Non-Fungible Tokens, NFTs—the next chapter in his story. Wikipedia describes it as: “A unique digital identifier that is recorded on a blockchain and is used to certify ownership and authenticity.” The period is 2021–2022, the height of the NFT fad. NFTs are still plenty useful and lucrative, but the hype around them has tapered to a stable register, but in 2022, the excitement around the technology reached a fever pitch. That was the year when Bored Ape Yacht Club—the company responsible for a suite of garish illustrations of a monkey perpetually looking gobsmacked—reached its apogee, with a $4 million valuation. That was also the year when BNXN, Nissi Ogulu, The Weekend, Snoop Dogg, and every other artist who sought to be at the frontier of the technological revolution released NFT offerings. Adisa happened upon the new technology on a WhatsApp group chat for photographers, which set him on a convoluted journey through YouTube pages and the halls of Twitter Spaces, ultimately culminating in his famous pictures of the old man, which he says changed his life.

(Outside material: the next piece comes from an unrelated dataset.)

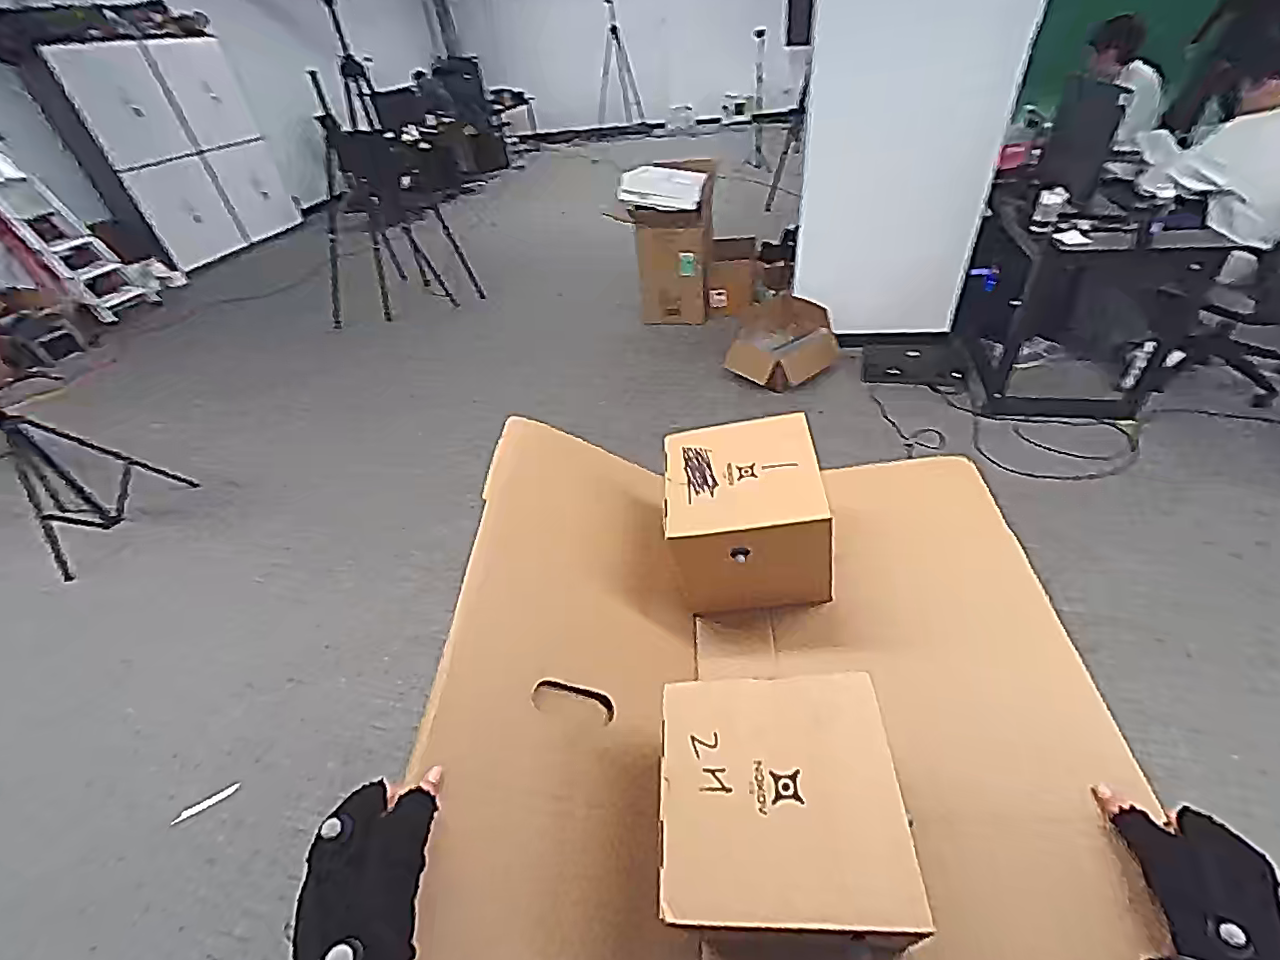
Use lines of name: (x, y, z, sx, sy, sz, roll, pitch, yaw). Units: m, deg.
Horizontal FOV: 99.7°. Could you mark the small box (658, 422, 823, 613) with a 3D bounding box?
small box: (0.127, 0.055, 0.686, 0.179, 0.176, 0.168, -9, 46, 11)

His photographs have a spontaneous phantasmagorical quality. His subjects are mostly photographed on the streets, in the course of their daily lives. This lends his work a tremendous degree of authenticity. But these subjects, which he adventitiously spots, usually feel like characters beamed in from a different, more colorful, and fantastical, world. Take the old man in his viral photos. Looking at the pictures, we’re enraptured by the man’s presence; it’s almost like a summoning; we’re transported to that day in Ibadan, in 2022. We feel the warmth radiating from his face, which is drawn into a wide smile. He’s a paternalistic figure, an incarnation of the loving old man on your street who unsparingly lavishes you with praise and unsolicited advice in equal measure. Except he’s not; or rather he’s not just that. Beneath his outward paternalistic appearance is a mystique that teeters at the edge of overwhelming; conjuring, in one’s imagination, visions of sage-like grandiosity. It’s perhaps why these images transfixed us all when we first viewed them.

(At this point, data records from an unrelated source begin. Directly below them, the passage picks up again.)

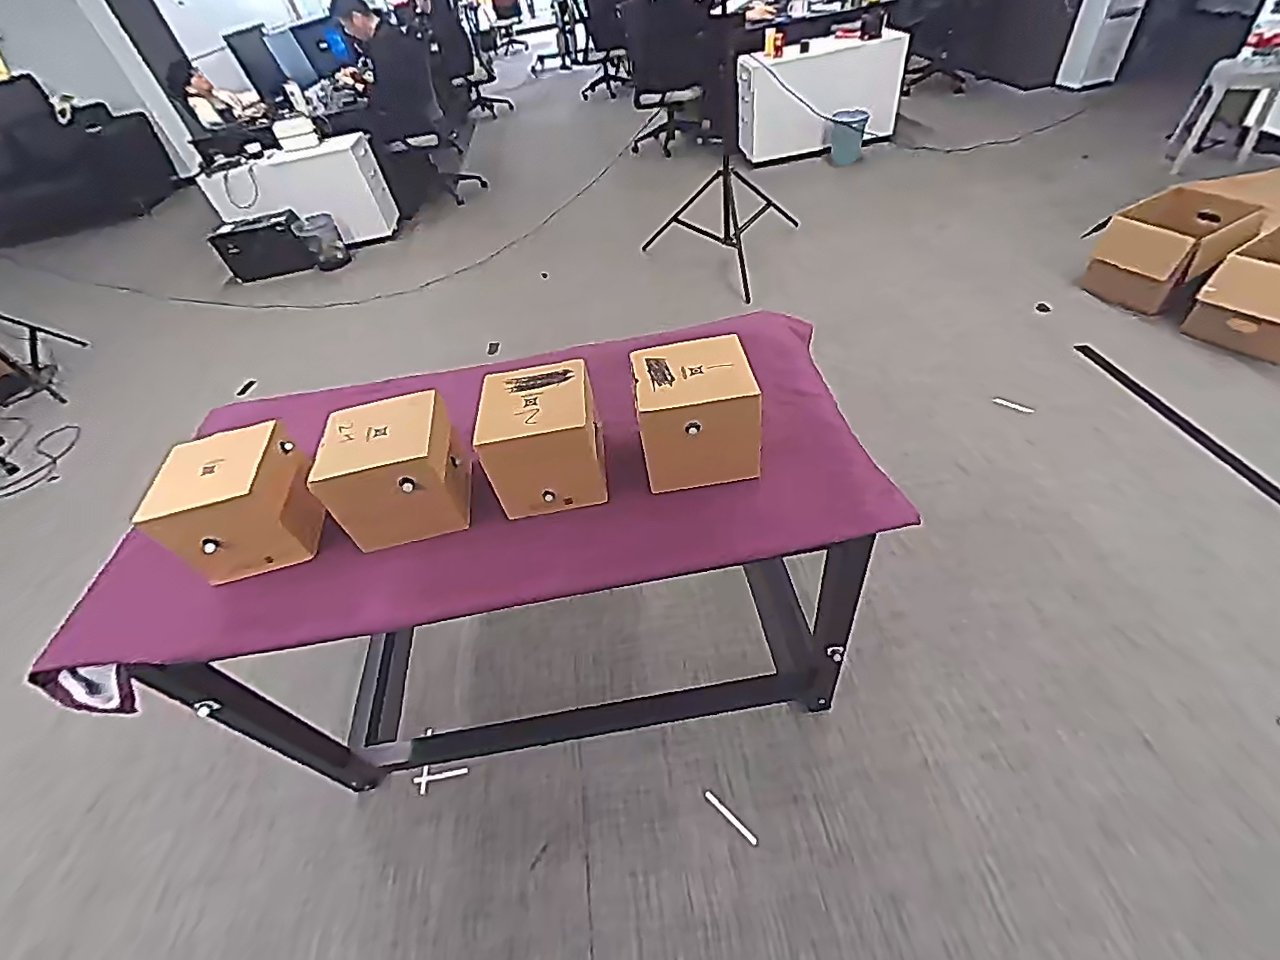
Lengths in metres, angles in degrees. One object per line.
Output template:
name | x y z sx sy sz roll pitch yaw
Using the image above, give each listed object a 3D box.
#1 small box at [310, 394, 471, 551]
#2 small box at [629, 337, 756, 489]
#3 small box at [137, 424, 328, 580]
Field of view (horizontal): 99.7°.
small box | -0.386 -0.010 0.876 0.179 0.176 0.168 -14 45 -2
small box | 0.086 -0.103 0.869 0.179 0.176 0.168 -9 44 2
small box | -0.637 0.043 0.878 0.168 0.176 0.179 -16 45 -4

This distinctive anachronism animates his latest viral series: a suite of pictures featuring Nigerians dressed, mostly, in flamboyant Yoruba attire. It’s a sight that would be unremarkable in the streets of Isale Eko, or Ibadan, but set against the rustic backdrop of Peckham, the photographs pulse with marvelous frisson. Ojude Peckham is the series’ title. In one set of images entitled Yoruba Dior, two elderly women are frozen mid-step by Adisa’s camera. They wear bedazzled iro and bubas. Their accessories—ornate geles and portable purses—are similarly flamboyant. As if to push past maximalism, into something even grander, the woman on the left drapes, over her outfit, a yellow towel-like material, emblazoned with “Dior,” arranged in a pattern. It’s a glorious sight.
He now lives in the U.K. He moved there in 2023 after a windfall from NFTs. “I moved because I could afford it. I also wasn’t sure if my NFT income would last forever,” he tells me. Since then, he’s acquired a master’s in marketing, which he says helps him in selling his work and bolstering his brand. “I can always think of campaigns that can help me go viral.” He had tried to take good pictures of Nigerians in Peckham a year earlier but had come up short. “I think we went on the wrong day, it was really cold.” This year, he took another swing at it and came back with the magnificent pictures we’ve been able to savor. Most of his pictures are products of serendipity. “I never plan serious shoots. I used to, back in university, but not anymore,” he notes. “Every day I step out, I pray to God to deliver the perfect scene, because it takes one picture to change your life.”